Higher Resolution Unstructured Spectral Finite-Volume Method for Flow in Porous Media

Abstract

Abstract A novel higher resolution spectral volume method coupled with a control-volume distributed multi-Point flux approximation (CVD-MPFA) is presented on unstructured triangular grids for subsurface reservoir simulation. The flow equations involve an essentially hyperbolic convection equation coupled with an elliptic pressure equation resulting from Darcy's law together with mass conservation. The spectral volume (SV) method is a locally conservative, efficient high-order finite volume method for convective flow. In 2D geometry, the triangular cell is subdivided into sub-cells, and the average state variables in the sub-cells are used to reconstruct a high-order polynomial in the triangular cell. The focus here is on an efficient strategy for reconstruction of both a higher resolution approximation of the convective transport flux and Darcy-flux approximation on sub-cell interfaces.

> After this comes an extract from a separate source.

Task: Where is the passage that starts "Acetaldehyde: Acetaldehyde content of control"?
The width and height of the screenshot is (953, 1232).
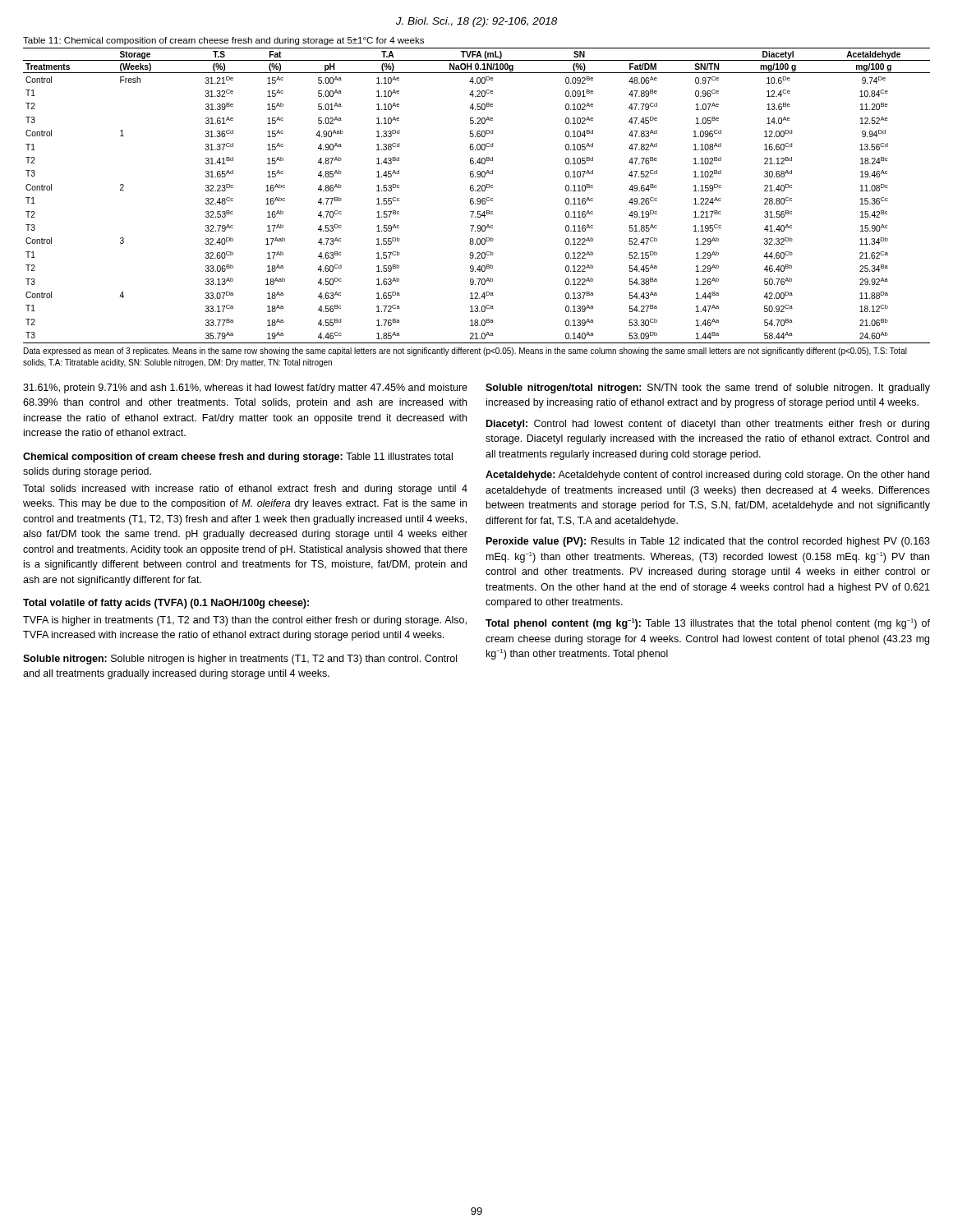Action: coord(708,498)
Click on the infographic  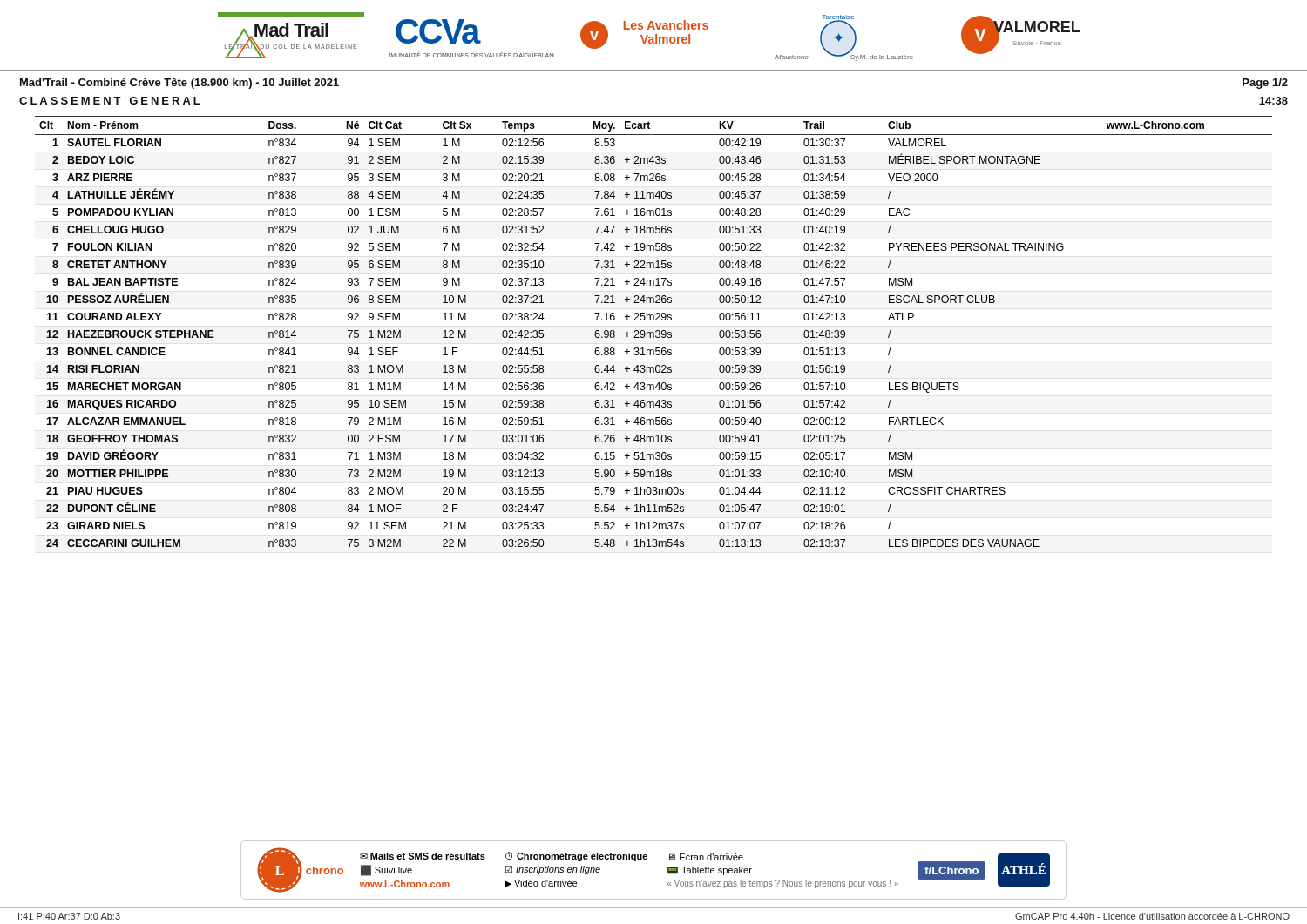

The strategy involves coupling of the SV method and reconstructed CVD-MPFA fluxes at the faces of the spectral volume, to obtain an efficient finer scale higher resolution finite-volume method which solves for both the saturation and pressure. A limiting procedure based on the Barth-Jespersen limiter is used to prevent non-physical oscillations on unstructured grids. The fine scale saturation/concentration field is then updated via the reconstructed finite volume approximation over the sub-cell control-volumes. The method is also coupled with a discrete fracture model. Performance comparisons are presented for tracer and two phase flow problems on 2D unstructured meshes including fractures. The results demonstrate that the spectral-volume method achieves further enhanced resolution of flow and fronts in addition to that of achieved by the standard higher resolution method over first order upwind, while improving upon efficiency.